This post is part of a series on Mohammad Anwar’s excellent Weekly Challenge, where hackers submit solutions in Perl, Raku, or any other language, to two different challenges every week. (It’s a lot of fun, if you’re into that sort of thing.)
We’re back with our noses to the mathematical grindstone this week, with two straightforward tasks.
Task 1 › Primordial Numbers
The nth primordial number is simply the product of the first n primes. P(1) = 2, P(2) = 2×3 = 6, P(3) = 2x3x5 = 30, etc. P(0) is defined to be 1 as a special case. Since I’ve implemented various prime number generators before, I just went with Math::Prime::Util for this one, making use of the prime_iterator function:
my $it = prime_iterator;
say my $pri = 1; # P(0) = 1 by definition
say $pri *= $it->() for 1..$ARGV[0] // 10;
Easy.
Task 2 › Kronecker Products
I haven’t worked with Kronecker products for quite a few years, so when I reviewed the definition, I thought it might be tricky to implement, so I got a fresh caffeinated beverage, but much to my dismay, it was all over before my second sip.
Please do check that link for a more rigorous definition of Kronecker products. As a quick review, I will simply show an example, with ⨂ as the operator for the Kronecker product:
\(A = \begin{bmatrix}2 & 3 \\ 4 & 5 \end{bmatrix} \\
B = \begin{bmatrix}a & b \\ c & d \end{bmatrix} \)
\(A ⨂ B = \begin{bmatrix}
2 & 3 \\
4 & 5
\end{bmatrix} ⨂
\begin{bmatrix}
a & b \\
c & d
\end{bmatrix} =
\begin{bmatrix}
2B & 3B \\ 4B & 5B
\end{bmatrix} =
\begin{bmatrix}
2a & 2b & 3a & 3b \\
2c & 2d & 3c & 3d \\
4a & 4b & 5a & 5b \\
4c & 4d & 5c & 5d
\end{bmatrix}
\)
To make this happen, I opted to loop over the total number of rows in A ⨂ B and use division and modulo arithmetic to determine which sub-row and -column in B we need. I use a triple-nested map to achieve the multiplications and orderings of the final matrix.
sub kronecker {
my ($A, $B) = @_;
map {
my $i = $_;
[
map {
my $aval = $_;
map { $aval * $_ } $B->[$i % @$B]->@*;
} $A->[$i / @$B]->@*
]
} 0..(@$A * @$B)-1;
}
The post-deref (->@*) looked a bit cleaner here, so I went with that, but @{$B->[$i % @$B]} would have worked just as well.

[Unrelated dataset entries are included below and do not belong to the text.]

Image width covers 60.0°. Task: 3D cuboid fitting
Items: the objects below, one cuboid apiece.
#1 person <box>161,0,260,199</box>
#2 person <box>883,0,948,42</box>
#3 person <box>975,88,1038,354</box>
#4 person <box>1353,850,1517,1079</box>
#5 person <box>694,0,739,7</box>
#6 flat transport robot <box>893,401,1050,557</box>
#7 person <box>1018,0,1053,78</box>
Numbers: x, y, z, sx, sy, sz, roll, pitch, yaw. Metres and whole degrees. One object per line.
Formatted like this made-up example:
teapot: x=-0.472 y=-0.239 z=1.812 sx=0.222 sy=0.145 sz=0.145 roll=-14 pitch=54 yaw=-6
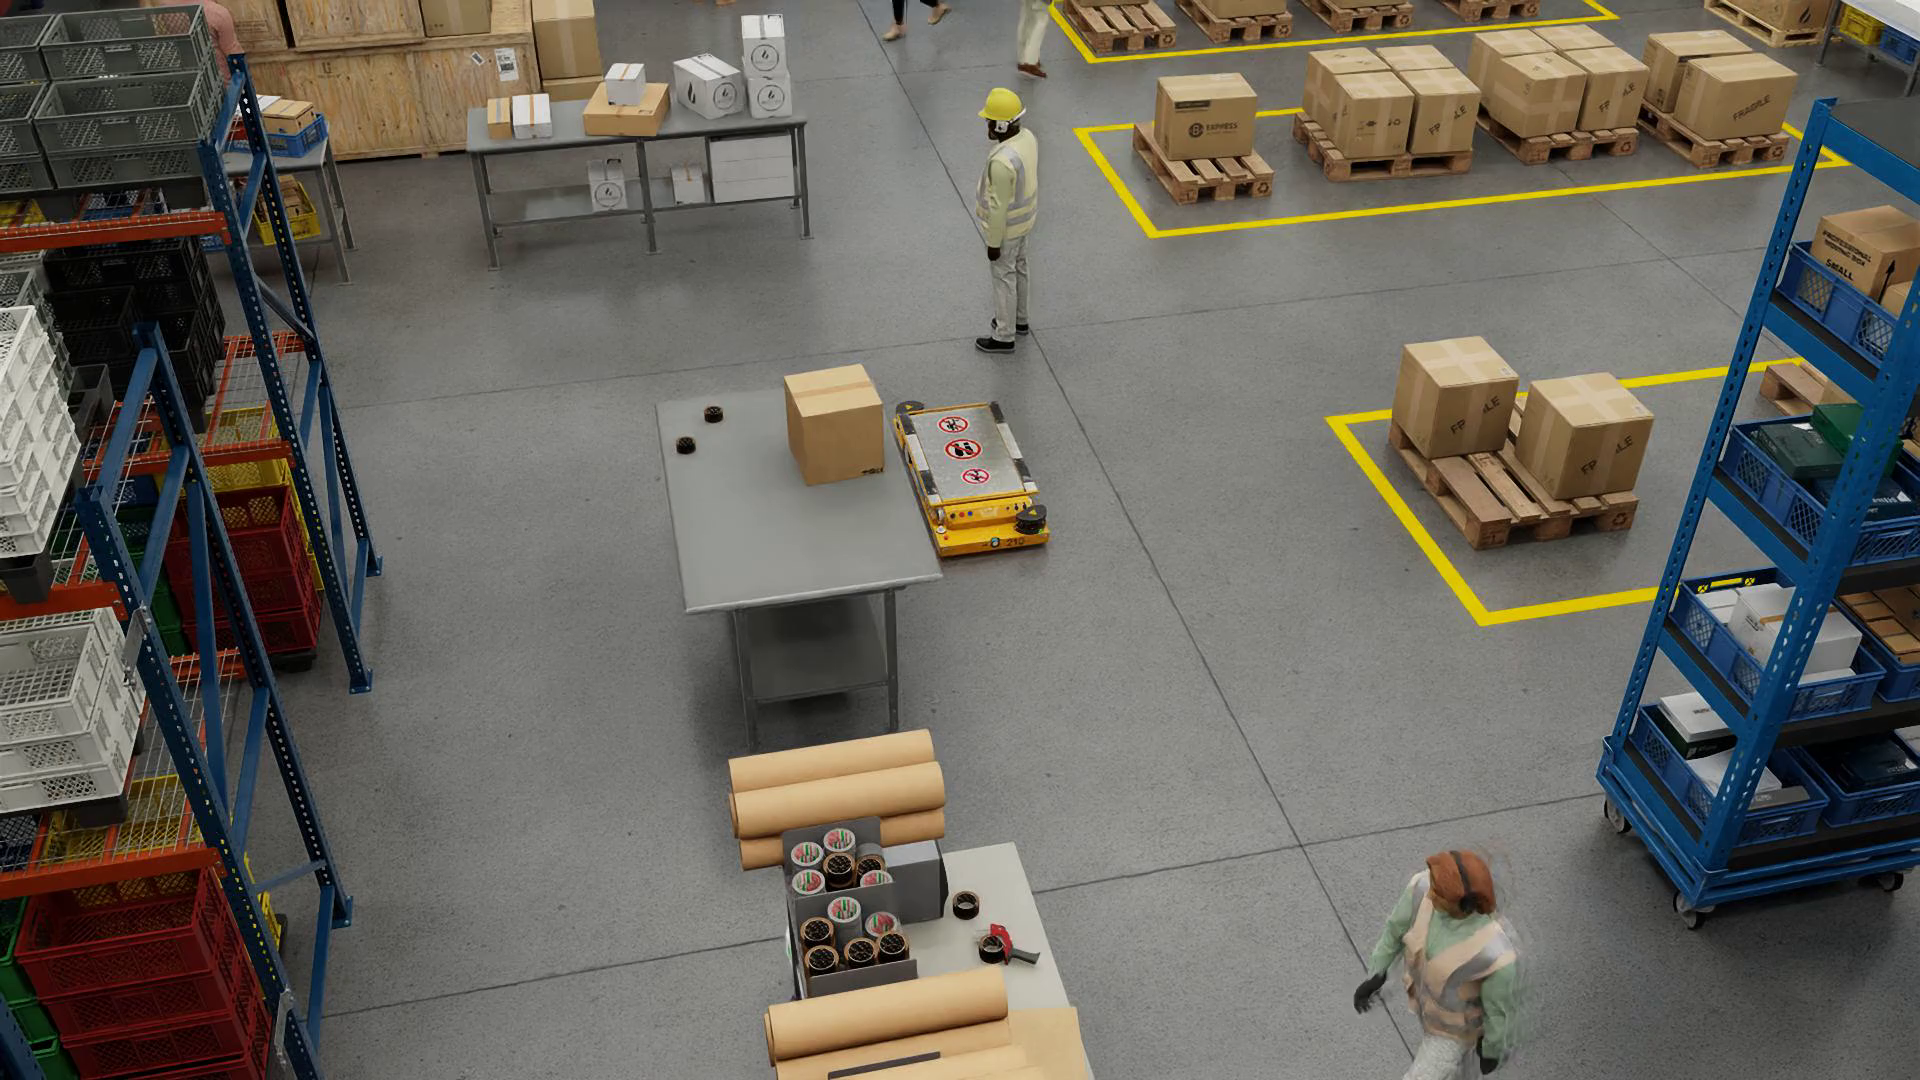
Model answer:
person: x=-5.802 y=-3.612 z=13.038 sx=0.635 sy=1.900 sz=0.397 roll=13 pitch=39 yaw=17
person: x=-0.460 y=-5.649 z=15.950 sx=0.595 sy=1.673 sz=0.543 roll=-22 pitch=42 yaw=-27
person: x=0.304 y=-2.128 z=11.100 sx=0.403 sy=1.823 sz=0.595 roll=12 pitch=38 yaw=16
person: x=1.696 y=1.746 z=6.076 sx=0.839 sy=1.593 sz=0.526 roll=-15 pitch=39 yaw=-19
person: x=-2.568 y=-6.337 z=16.742 sx=0.623 sy=1.845 sz=0.430 roll=19 pitch=41 yaw=24
flat transport robot: x=0.046 y=-0.430 z=10.108 sx=0.652 sy=0.197 sz=1.431 roll=-8 pitch=37 yaw=-10
person: x=0.624 y=-5.144 z=15.148 sx=0.423 sy=1.844 sz=0.603 roll=-29 pitch=45 yaw=-33

The result is a list of array refs containing the rows of the final product. The problem description didn’t specify, but I opted to also include a pretty-print routine to display the output a little nicer than Data::Dump can:
sub pp_matrix {
print '[ ' . join(' ', map { sprintf '%3d', $_ } @$_). " ]\n" for @_
}
The output from pp_matrix(kronecker([[1,2],[3,4]], [[5,6],[7,8]])) is nicely formatted:
[ 5 6 10 12 ]
[ 7 8 14 16 ]
[ 15 18 20 24 ]
[ 21 24 28 32 ]
We were only asked to implement the solution for a product of two specific 2×2 matrices, but both of the above subs accept arbitrary shaped matrices.